The number of Web pages is very large, spiders crawl is a very large project, the Web page to crawl the cost of a lot of bandwidth, hardware resources, time resources and so on. If you repeatedly crawl the same Web page will not only greatly reduce the efficiency of the system, but also caused the problem of high precision. The common search engine system designs the strategy of not repeating the web crawl, which is to ensure that the same page is crawled only once in a certain period of time.

about how to avoid the site page pages are repeatedly crawled on the introduction here, the article by the Global Trade network editor.

Contact Us

The content source of this page is from Internet, which doesn't represent Alibaba Cloud's opinion; products and services mentioned on that page don't have any relationship with Alibaba Cloud. If the content of the page makes you feel confusing, please write us an email, we will handle the problem within 5 days after receiving your email.

If you find any instances of plagiarism from the community, please send an email to: info-contact@alibabacloud.com and provide relevant evidence.
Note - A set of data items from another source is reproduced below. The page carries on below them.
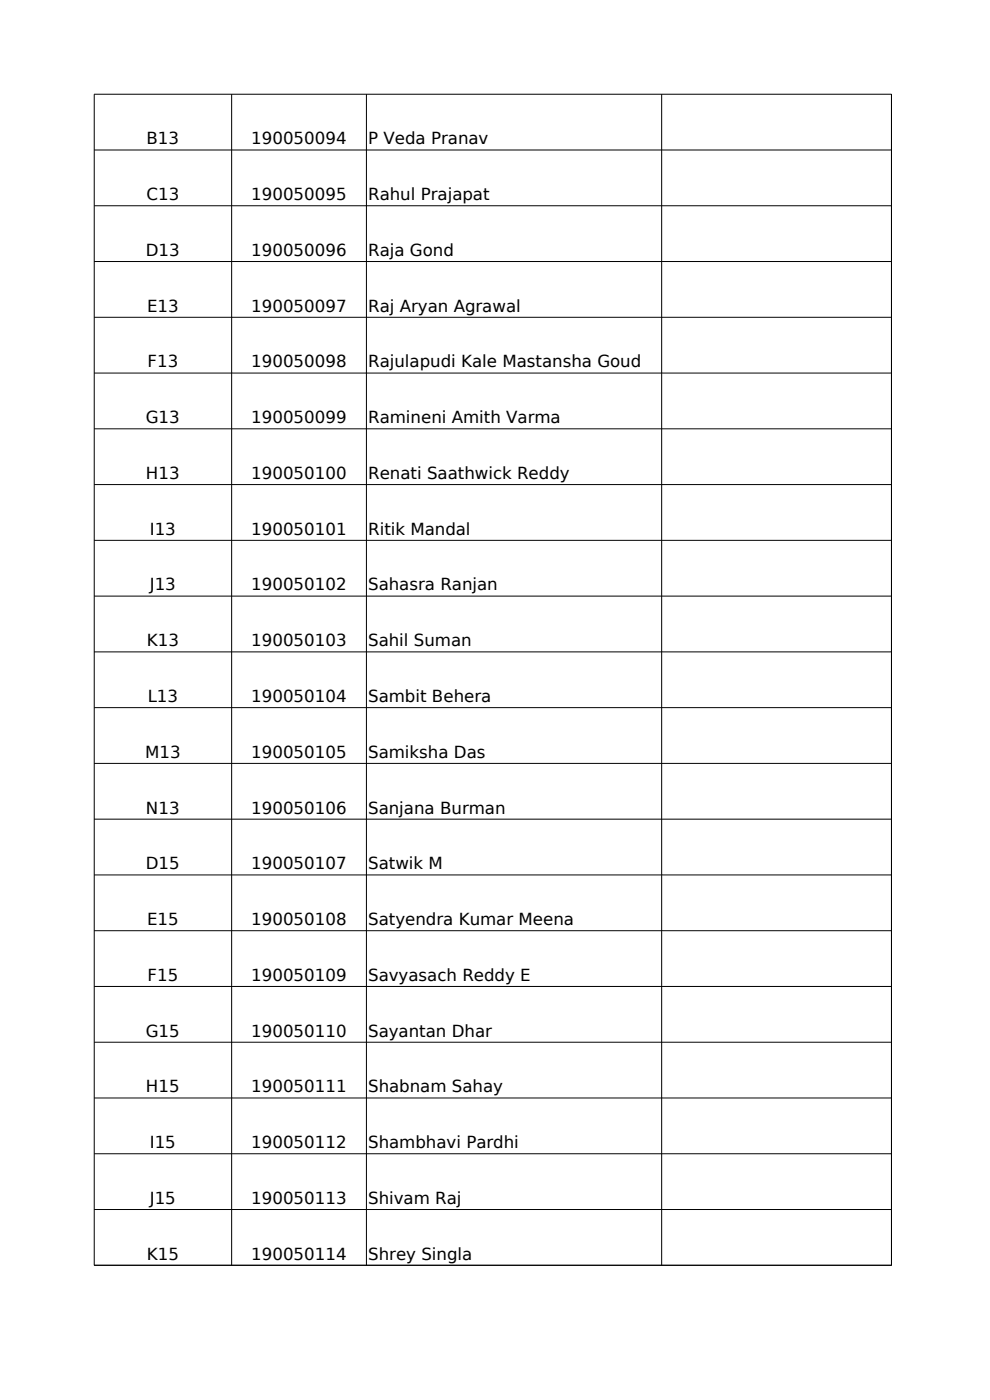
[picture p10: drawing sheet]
<svg xmlns="http://www.w3.org/2000/svg" width="210mm" height="297mm" viewBox="0 0 210 297" stroke-linecap="round" stroke-linejoin="round" font-family="sans-serif">
<defs><g id="words">
<g font-size="3.5">
<text x="31.1" y="30.6">B13</text>
<text x="53.3" y="30.6">190050094</text>
<text x="78.1" y="30.6">P Veda Pranav</text>
<text x="31.1" y="42.5">C13</text>
<text x="53.3" y="42.5">190050095</text>
<text x="78.1" y="42.5">Rahul Prajapat</text>
<text x="30.9" y="54.3">D13</text>
<text x="53.3" y="54.3">190050096</text>
<text x="78.1" y="54.3">Raja Gond</text>
<text x="31.2" y="66.1">E13</text>
<text x="53.3" y="66.1">190050097</text>
<text x="78.1" y="66.1">Raj Aryan Agrawal</text>
<text x="31.3" y="78">F13</text>
<text x="53.3" y="78">190050098</text>
<text x="78.1" y="78">Rajulapudi Kale Mastansha Goud</text>
<text x="30.9" y="89.8">G13</text>
<text x="53.3" y="89.8">190050099</text>
<text x="78.1" y="89.8">Ramineni Amith Varma</text>
<text x="31" y="101.6">H13</text>
<text x="53.3" y="101.6">190050100</text>
<text x="78.1" y="101.6">Renati Saathwick Reddy</text>
<text x="31.8" y="113.5">I13</text>
<text x="53.3" y="113.5">190050101</text>
<text x="78.1" y="113.5">Ritik Mandal</text>
<text x="31.8" y="125.3">J13</text>
<text x="53.3" y="125.3">190050102</text>
<text x="78.1" y="125.3">Sahasra Ranjan</text>
<text x="31.1" y="137.1">K13</text>
<text x="53.3" y="137.1">190050103</text>
<text x="78.1" y="137.1">Sahil Suman</text>
<text x="31.3" y="148.9">L13</text>
<text x="53.3" y="148.9">190050104</text>
<text x="78.1" y="148.9">Sambit Behera</text>
<text x="30.8" y="160.8">M13</text>
<text x="53.3" y="160.8">190050105</text>
<text x="78.1" y="160.8">Samiksha Das</text>
<text x="31" y="172.6">N13</text>
<text x="53.3" y="172.6">190050106</text>
<text x="78.1" y="172.6">Sanjana Burman</text>
<text x="30.9" y="184.4">D15</text>
<text x="53.3" y="184.4">190050107</text>
<text x="78.1" y="184.4">Satwik M</text>
<text x="31.2" y="196.3">E15</text>
<text x="53.3" y="196.3">190050108</text>
<text x="78.1" y="196.3">Satyendra Kumar Meena</text>
<text x="31.3" y="208.1">F15</text>
<text x="53.3" y="208.1">190050109</text>
<text x="78.1" y="208.1">Savyasach Reddy E</text>
<text x="30.9" y="219.9">G15</text>
<text x="53.3" y="219.9">190050110</text>
<text x="78.1" y="219.9">Sayantan Dhar</text>
<text x="31" y="231.7">H15</text>
<text x="53.3" y="231.7">190050111</text>
<text x="78.1" y="231.7">Shabnam Sahay</text>
<text x="31.8" y="243.6">I15</text>
<text x="53.3" y="243.6">190050112</text>
<text x="78.1" y="243.6">Shambhavi Pardhi</text>
<text x="31.8" y="255.4">J15</text>
<text x="53.3" y="255.4">190050113</text>
<text x="78.1" y="255.4">Shivam Raj</text>
<text x="31.1" y="267.2">K15</text>
<text x="53.3" y="267.2">190050114</text>
<text x="78.1" y="267.2">Shrey Singla</text>
</g>
</g></defs>
<g fill="none" stroke="#000" stroke-width=".21">
<path d="M49.1 20v248.4M77.7 20v248.4M140.4 20v248.4M20 31.8h169.1M20 43.7h169.1M20 55.5h169.1M20 67.3h169.1M20 79.1h169.1M20 91h169.1M20 102.8h169.1M20 114.6h169.1M20 126.5h169.1"/>
<path d="M20 138.3h169.1M20 150.1h169.1M20 162h169.1M20 173.8h169.1M20 185.6h169.1M20 197.4h169.1M20 209.3h169.1M20 221.1h169.1M20 232.9h169.1M20 244.8h169.1M20 256.6h169.1M20 268.4h169.1"/>
<path d="M20 268.4v-248.4h169.1v248.4"/>
</g>
<use href="#words"/>
</svg>

A staff member will contact you within 5 working days.

A Free Trial That Lets You Build Big!

Start building with 50+ products and up to 12 months usage for Elastic Compute Service

  • Sales Support

    1 on 1 presale consultation

  • After-Sales Support

    24/7 Technical Support 6 Free Tickets per Quarter Faster Response

  • Alibaba Cloud offers highly flexible support services tailored to meet your exact needs.